What is being asked =>
Could you reproduce every entry as it stands, leaving the pictures behind?

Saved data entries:
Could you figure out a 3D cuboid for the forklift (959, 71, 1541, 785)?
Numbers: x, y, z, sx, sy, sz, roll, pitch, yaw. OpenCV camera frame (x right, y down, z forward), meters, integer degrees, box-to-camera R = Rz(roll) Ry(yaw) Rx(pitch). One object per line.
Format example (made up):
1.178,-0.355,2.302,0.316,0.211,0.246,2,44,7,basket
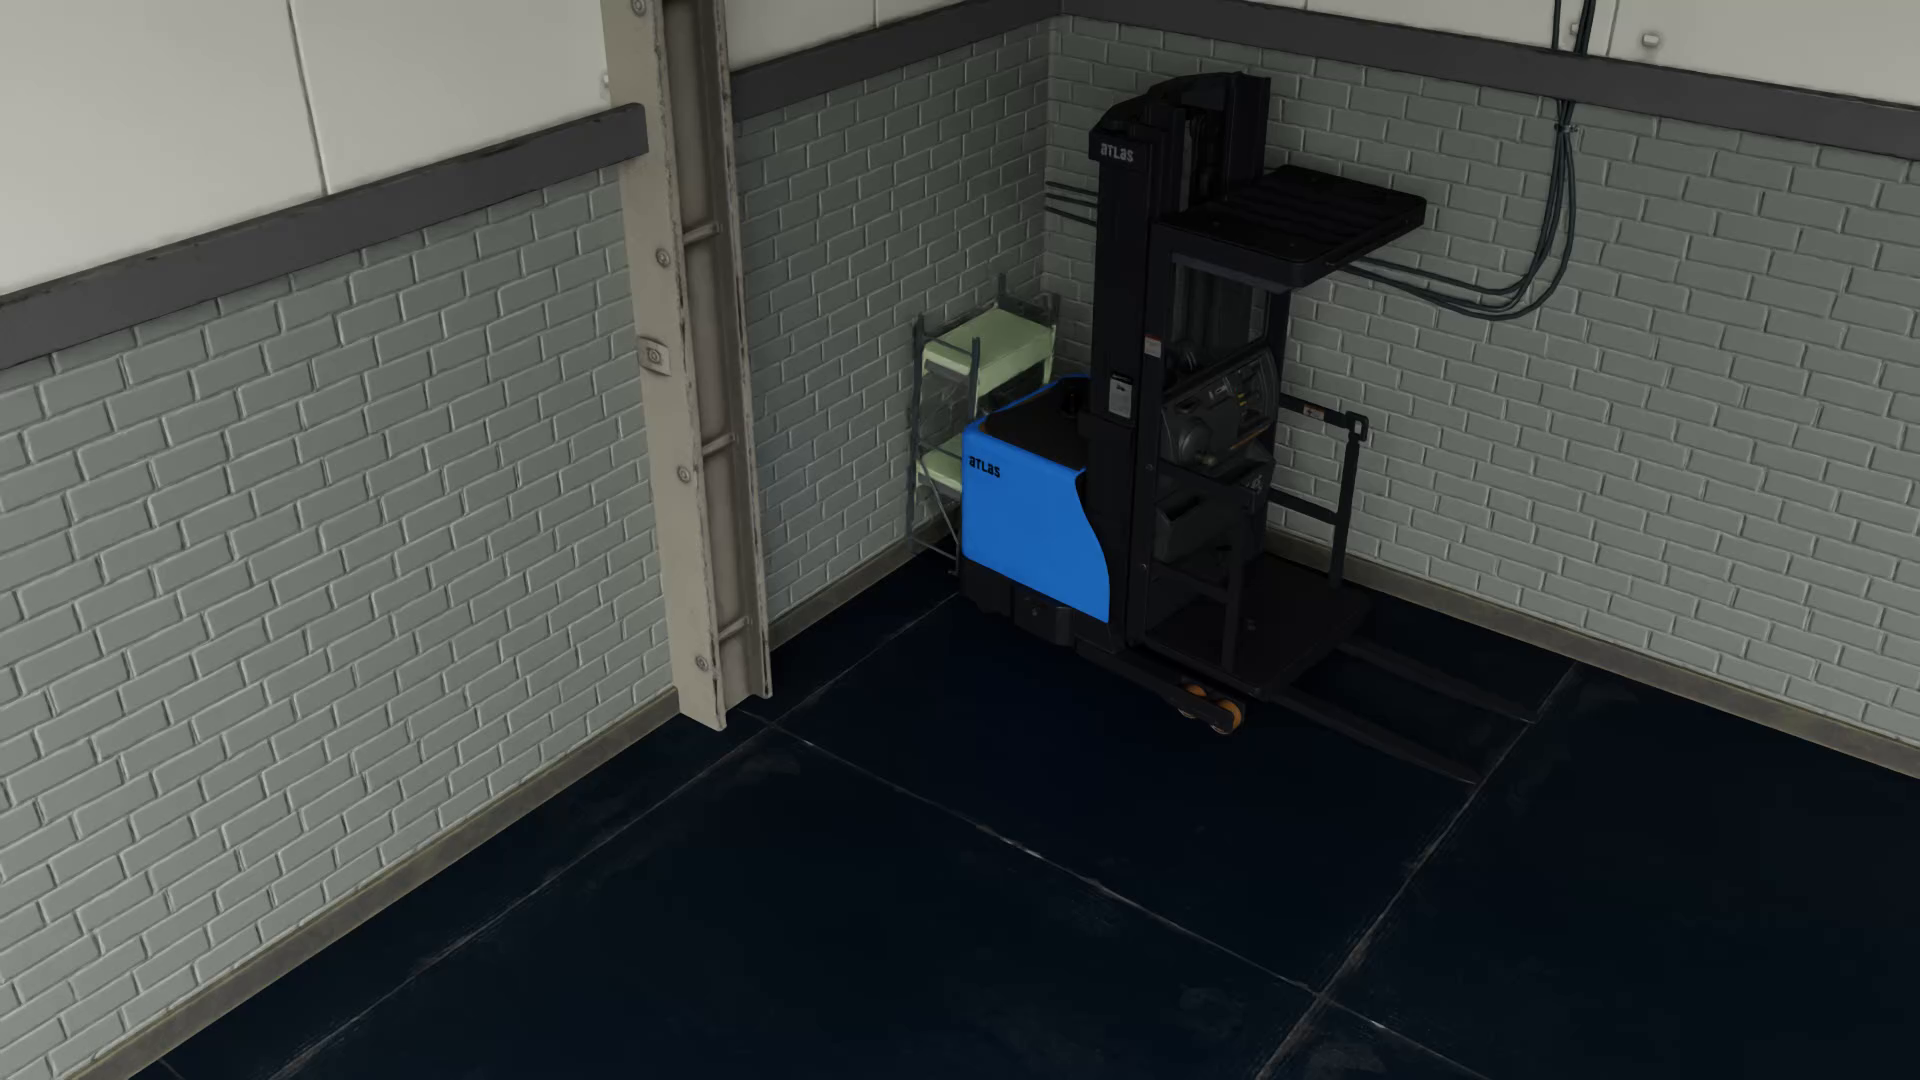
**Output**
1.426,-0.609,7.960,3.031,2.935,1.130,25,39,35,forklift

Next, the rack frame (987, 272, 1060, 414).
0.334,-0.791,9.584,0.400,1.500,0.023,25,39,28,rack frame

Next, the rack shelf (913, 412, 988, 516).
0.093,-0.370,9.516,0.431,0.370,0.720,25,39,28,rack shelf

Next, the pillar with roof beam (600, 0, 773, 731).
2.242,-1.727,3.895,9.100,9.000,0.400,21,37,31,pillar with roof beam

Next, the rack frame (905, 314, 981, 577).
-0.107,-0.489,9.084,0.400,1.500,0.023,25,39,28,rack frame

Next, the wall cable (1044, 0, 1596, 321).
1.642,-2.506,8.256,3.097,2.526,0.112,21,37,31,wall cable

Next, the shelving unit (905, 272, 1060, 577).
0.114,-0.640,9.334,0.431,1.500,0.755,25,39,28,shelving unit

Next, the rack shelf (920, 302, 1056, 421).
0.139,-0.963,9.117,0.431,0.370,0.720,25,39,28,rack shelf
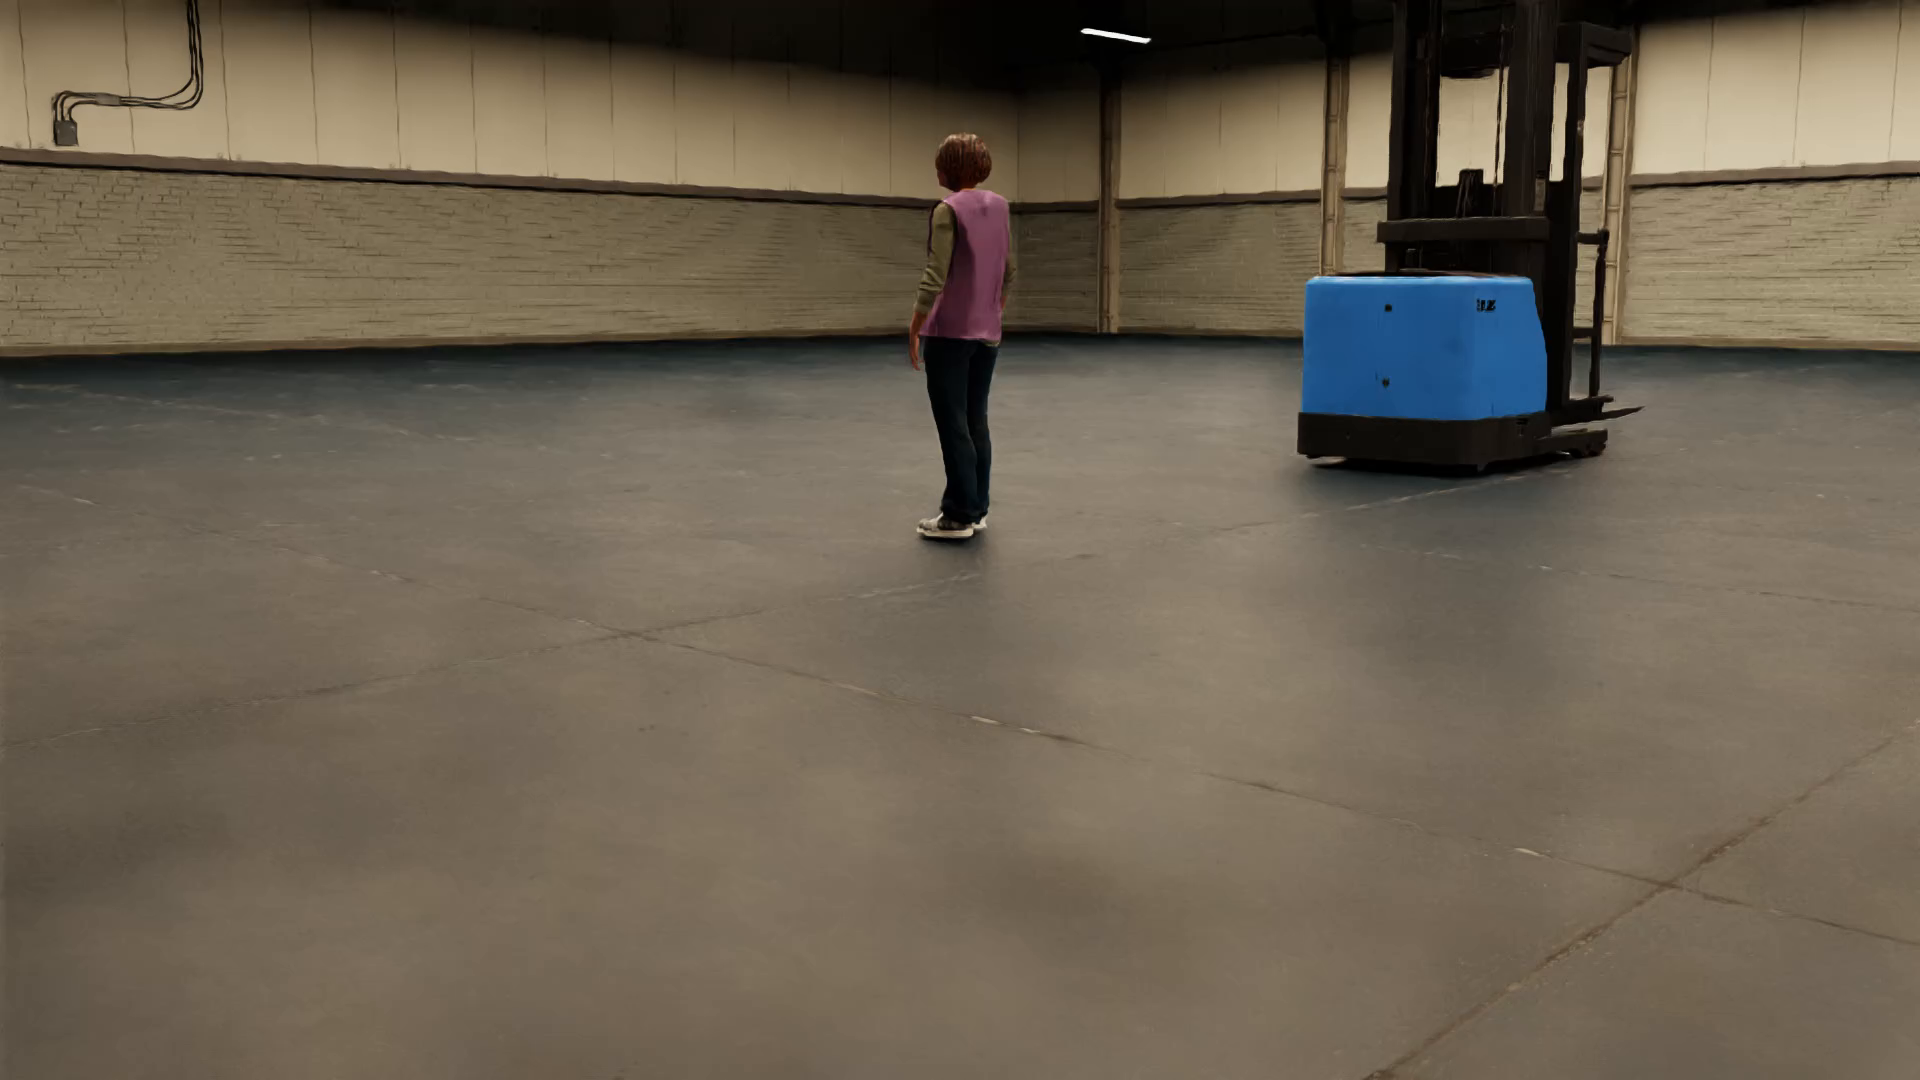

Final answer =>
Could you figure out a 3D cuboid for the forklift (959, 71, 1541, 785)?
Numbers: x, y, z, sx, sy, sz, roll, pitch, yaw. OpenCV camera frame (x right, y down, z forward), meters, integer degrees, box-to-camera R = Rz(roll) Ry(yaw) Rx(pitch). One object per line.
Format example (made up):
1.178,-0.355,2.302,0.316,0.211,0.246,2,44,7,basket
**Output**
1.426,-0.609,7.960,3.031,2.935,1.130,25,39,35,forklift

Next, the rack frame (987, 272, 1060, 414).
0.334,-0.791,9.584,0.400,1.500,0.023,25,39,28,rack frame

Next, the rack shelf (913, 412, 988, 516).
0.093,-0.370,9.516,0.431,0.370,0.720,25,39,28,rack shelf

Next, the pillar with roof beam (600, 0, 773, 731).
2.242,-1.727,3.895,9.100,9.000,0.400,21,37,31,pillar with roof beam

Next, the rack frame (905, 314, 981, 577).
-0.107,-0.489,9.084,0.400,1.500,0.023,25,39,28,rack frame

Next, the wall cable (1044, 0, 1596, 321).
1.642,-2.506,8.256,3.097,2.526,0.112,21,37,31,wall cable

Next, the shelving unit (905, 272, 1060, 577).
0.114,-0.640,9.334,0.431,1.500,0.755,25,39,28,shelving unit

Next, the rack shelf (920, 302, 1056, 421).
0.139,-0.963,9.117,0.431,0.370,0.720,25,39,28,rack shelf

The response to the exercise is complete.